Further, as shown in FIG. 2, the shape of the bump electrode 12 is not limited to the configuration in which the deformed portion 12A is bent into a lightning bolt shape ("Z" shape). For example, the shape of the bump electrode 12 may have a shape having the above-described through hole 12b, and more specifically, for example, the shape shown in FIG. In Fig. 3, the upper right side view is a perspective view showing a part of the plate-like member 10 having the protruding electrodes of Fig. 1. Further, (A) to (C) of FIG. 3 are perspective views schematically showing an example of the structure of the bump electrode 12. As shown in (A) to (C) of FIG. 3, respectively, the lower portion 12a of the protruding electrode 12 (the portion on the side connected to the plate-like member 11) is not opened. On the other hand, in the upper portion of the protruding electrode 12 (the portion opposite to the side on which the plate-like member 11 is connected), a hole penetrating the protruding electrode 12 is opened in a direction parallel to the plate surface of the plate-like member 11 ( Through hole) 12b. Further, a portion of the upper end of the protruding electrode 12 (one end opposite to one end fixed to one end of the plate-like member 11) protrudes upward (in a direction perpendicular to the plate surface of the plate-like member 11) to form a projection 12c. The protruding electrode 12 is in contact with the wiring pattern (substrate electrode) of the substrate at the end portion of the protrusion 12c. Furthermore, in FIG. 3(A), the number of the bump electrodes 12c is two. In Fig. 3(B), the number of the bump electrodes 12c is one, and is the same as Fig. 3(A) except that the width of the bump electrodes 12 is slightly narrow. In Fig. 3(C), the same as Fig. 3(B) except that the width of the bump electrode 12 is narrower. Thus, the number of the protrusions 12c is not particularly limited, and may be one or plural. Although the number of the projections 12c is one or two in (A) to (C) of FIG. 3, it may be three or more. Further, the number of the holes (through holes) 12b is one in (A) to (C) of FIG. 3, but is not particularly limited, and may be any number or plural.

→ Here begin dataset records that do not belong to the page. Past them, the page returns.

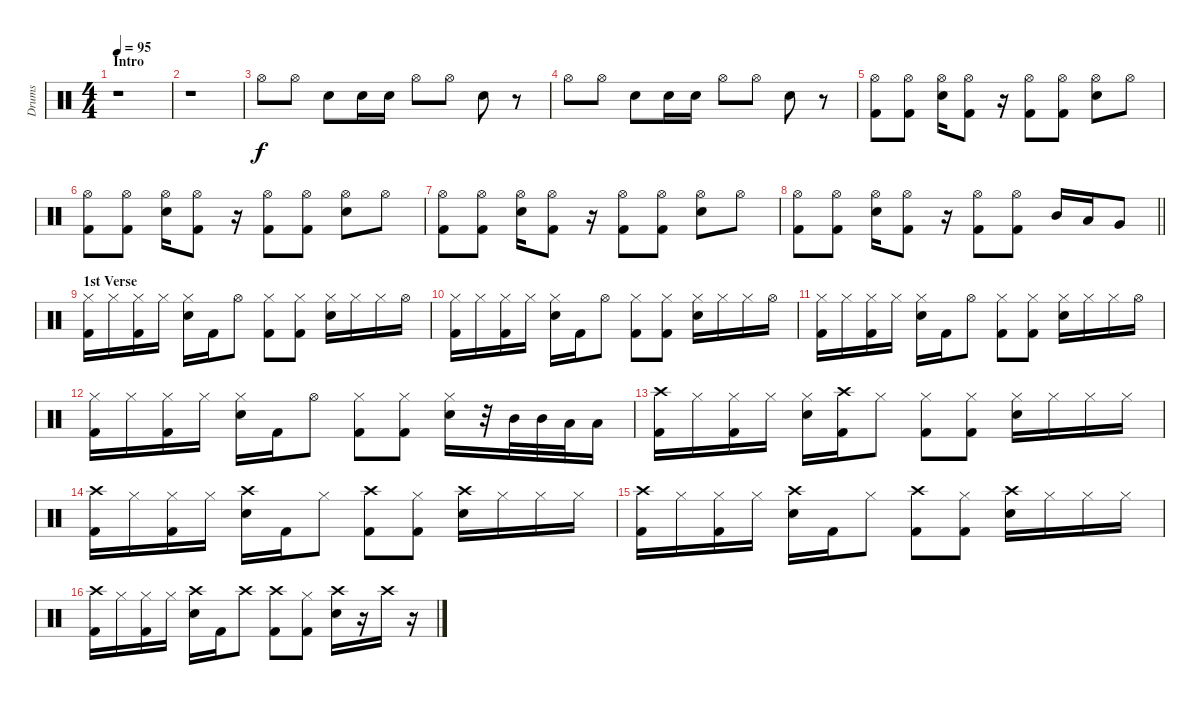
\track ("Drums" "Drums") {instrument percussion}
\staff {score}
\articulation defaults
\ts (4 4)
\section ("" "Intro")
\tempo 95
\clef neutral
\ks c
r.1{dy f} |
r.1 |
"Hi-Hat (open)".8 "Hi-Hat (open)".8 "Hand Clap (hit)".8 "Hand Clap (hit)".16 "Hand Clap (hit)".16 "Hi-Hat (open)".8 "Hi-Hat (open)".8 "Hand Clap (hit)".8 r.8 |
"Hi-Hat (open)".8 "Hi-Hat (open)".8 "Hand Clap (hit)".8 "Hand Clap (hit)".16 "Hand Clap (hit)".16 "Hi-Hat (open)".8 "Hi-Hat (open)".8 "Hand Clap (hit)".8 r.8 |
("Hi-Hat (open)" "Kick (hit) 2").8 ("Hi-Hat (open)" "Kick (hit) 2").8 ("Hi-Hat (open)" "Electric Snare (hit)").16 ("Hi-Hat (open)" "Kick (hit) 2").8 r.16 ("Hi-Hat (open)" "Kick (hit) 2").8 ("Hi-Hat (open)" "Kick (hit) 2").8 ("Hi-Hat (open)" "Electric Snare (hit)").8 "Hi-Hat (open)".8 |
("Hi-Hat (open)" "Kick (hit) 2").8 ("Hi-Hat (open)" "Kick (hit) 2").8 ("Hi-Hat (open)" "Electric Snare (hit)").16 ("Hi-Hat (open)" "Kick (hit) 2").8 r.16 ("Hi-Hat (open)" "Kick (hit) 2").8 ("Hi-Hat (open)" "Kick (hit) 2").8 ("Hi-Hat (open)" "Electric Snare (hit)").8 "Hi-Hat (open)".8 |
("Hi-Hat (open)" "Kick (hit) 2").8 ("Hi-Hat (open)" "Kick (hit) 2").8 ("Hi-Hat (open)" "Electric Snare (hit)").16 ("Hi-Hat (open)" "Kick (hit) 2").8 r.16 ("Hi-Hat (open)" "Kick (hit) 2").8 ("Hi-Hat (open)" "Kick (hit) 2").8 ("Hi-Hat (open)" "Electric Snare (hit)").8 "Hi-Hat (open)".8 |
\barLineRight lightlight
("Hi-Hat (open)" "Kick (hit) 2").8 ("Hi-Hat (open)" "Kick (hit) 2").8 ("Hi-Hat (open)" "Electric Snare (hit)").16 ("Hi-Hat (open)" "Kick (hit) 2").8 r.16 ("Hi-Hat (open)" "Kick (hit) 2").8 ("Hi-Hat (open)" "Kick (hit) 2").8 "Mid Tom (hit)".16 "Low Tom (hit)".16 "Very Low Tom (hit)".8 |
\section ("" "1st Verse")
("Hi-Hat (closed)" "Kick (hit) 2").16 "Hi-Hat (closed)".16 ("Hi-Hat (closed)" "Kick (hit) 2").16 "Hi-Hat (closed)".16 ("Hi-Hat (closed)" "Electric Snare (hit)").16 "Kick (hit) 2".16 "Hi-Hat (open)".8 ("Hi-Hat (closed)" "Kick (hit) 2").8 ("Hi-Hat (closed)" "Kick (hit) 2").8 ("Hi-Hat (closed)" "Electric Snare (hit)").16 "Hi-Hat (closed)".16 "Hi-Hat (closed)".16 "Hi-Hat (open)".16 |
("Hi-Hat (closed)" "Kick (hit) 2").16 "Hi-Hat (closed)".16 ("Hi-Hat (closed)" "Kick (hit) 2").16 "Hi-Hat (closed)".16 ("Hi-Hat (closed)" "Electric Snare (hit)").16 "Kick (hit) 2".16 "Hi-Hat (open)".8 ("Hi-Hat (closed)" "Kick (hit) 2").8 ("Hi-Hat (closed)" "Kick (hit) 2").8 ("Hi-Hat (closed)" "Electric Snare (hit)").16 "Hi-Hat (closed)".16 "Hi-Hat (closed)".16 "Hi-Hat (open)".16 |
("Hi-Hat (closed)" "Kick (hit) 2").16 "Hi-Hat (closed)".16 ("Hi-Hat (closed)" "Kick (hit) 2").16 "Hi-Hat (closed)".16 ("Hi-Hat (closed)" "Electric Snare (hit)").16 "Kick (hit) 2".16 "Hi-Hat (open)".8 ("Hi-Hat (closed)" "Kick (hit) 2").8 ("Hi-Hat (closed)" "Kick (hit) 2").8 ("Hi-Hat (closed)" "Electric Snare (hit)").16 "Hi-Hat (closed)".16 "Hi-Hat (closed)".16 "Hi-Hat (open)".16 |
("Hi-Hat (closed)" "Kick (hit) 2").16 "Hi-Hat (closed)".16 ("Hi-Hat (closed)" "Kick (hit) 2").16 "Hi-Hat (closed)".16 ("Hi-Hat (closed)" "Electric Snare (hit)").16 "Kick (hit) 2".16 "Hi-Hat (open)".8 ("Hi-Hat (closed)" "Kick (hit) 2").8 ("Hi-Hat (closed)" "Kick (hit) 2").8 ("Hi-Hat (closed)" "Electric Snare (hit)").16 r.32 "Mid Tom (hit)".32 "Mid Tom (hit)".32 "Low Tom (hit)".32 "Low Tom (hit)".16 |
("Crash high (hit)" "Kick (hit) 2").16 "Hi-Hat (closed)".16 ("Hi-Hat (closed)" "Kick (hit) 2").16 "Hi-Hat (closed)".16 ("Hi-Hat (closed)" "Electric Snare (hit)").16 ("Crash high (hit)" "Kick (hit) 2").16 "Hi-Hat (closed)".8 ("Hi-Hat (closed)" "Kick (hit) 2").8 ("Hi-Hat (closed)" "Kick (hit) 2").8 ("Hi-Hat (closed)" "Electric Snare (hit)").16 "Hi-Hat (closed)".16 "Hi-Hat (closed)".16 "Hi-Hat (closed)".16 |
("Crash high (hit)" "Kick (hit) 2").16 "Hi-Hat (closed)".16 ("Hi-Hat (closed)" "Kick (hit) 2").16 "Hi-Hat (closed)".16 ("Crash high (hit)" "Electric Snare (hit)").16 "Kick (hit) 2".16 "Hi-Hat (closed)".8 ("Crash high (hit)" "Kick (hit) 2").8 ("Hi-Hat (closed)" "Kick (hit) 2").8 ("Crash high (hit)" "Electric Snare (hit)").16 "Hi-Hat (closed)".16 "Hi-Hat (closed)".16 "Hi-Hat (closed)".16 |
("Crash high (hit)" "Kick (hit) 2").16 "Hi-Hat (closed)".16 ("Hi-Hat (closed)" "Kick (hit) 2").16 "Hi-Hat (closed)".16 ("Crash high (hit)" "Electric Snare (hit)").16 "Kick (hit) 2".16 "Hi-Hat (closed)".8 ("Crash high (hit)" "Kick (hit) 2").8 ("Hi-Hat (closed)" "Kick (hit) 2").8 ("Crash high (hit)" "Electric Snare (hit)").16 "Hi-Hat (closed)".16 "Hi-Hat (closed)".16 "Hi-Hat (closed)".16 |
("Crash high (hit)" "Kick (hit) 2").16 "Hi-Hat (closed)".16 ("Hi-Hat (closed)" "Kick (hit) 2").16 "Hi-Hat (closed)".16 ("Crash high (hit)" "Electric Snare (hit)").16 "Kick (hit) 2".16 "Crash high (hit)".8 ("Crash high (hit)" "Kick (hit) 2").8 ("Hi-Hat (closed)" "Kick (hit) 2").8 ("Crash high (hit)" "Electric Snare (hit)").16 r.16 "Crash high (hit)".16 r.16

Since the protrusion 12c is provided, the bump electrode 12 is not interfered by the resin and is easily brought into contact with the wiring pattern (substrate electrode) of the substrate. That is, the resin (for example, molten resin or liquid resin) between the bump electrode 12 and the wiring pattern 22 of FIG. 5 described below is pulled by the protrusion 12c, and the front end of the protrusion 12c abuts (physically contacts) with the wiring pattern 22, and It is electrically connected. Further, since the bump electrode 12 has the hole 12b, it is easier to resin-seal the wafer. That is, the resin can flow through the holes 12b, so that the flow of the resin becomes smoother, thereby improving the efficiency of resin sealing. This effect is particularly remarkable when the transfer forming is employed. Further, when the bump electrode 12 abuts (contacts) the wiring pattern 22, as shown in FIG. 3(D), the bump electrode 12 is bent in the vicinity of the hole 12b, so that the height (length) of the bump electrode 12 can be made small. In other words, in the bump electrode 12 having the shape shown in FIGS. 3(A) to 3(D), the periphery of the through hole 12b is formed by the above-described deformed portion which is contractible in a direction perpendicular to the surface direction of the plate member 11. Thereby, the height of the bump electrode 12 can be adjusted corresponding to the resin thickness (package thickness) of the electronic component. In view of this aspect, the height (length) of the bump electrode 12 can be set to be slightly longer than the above-described resin thickness (package thickness).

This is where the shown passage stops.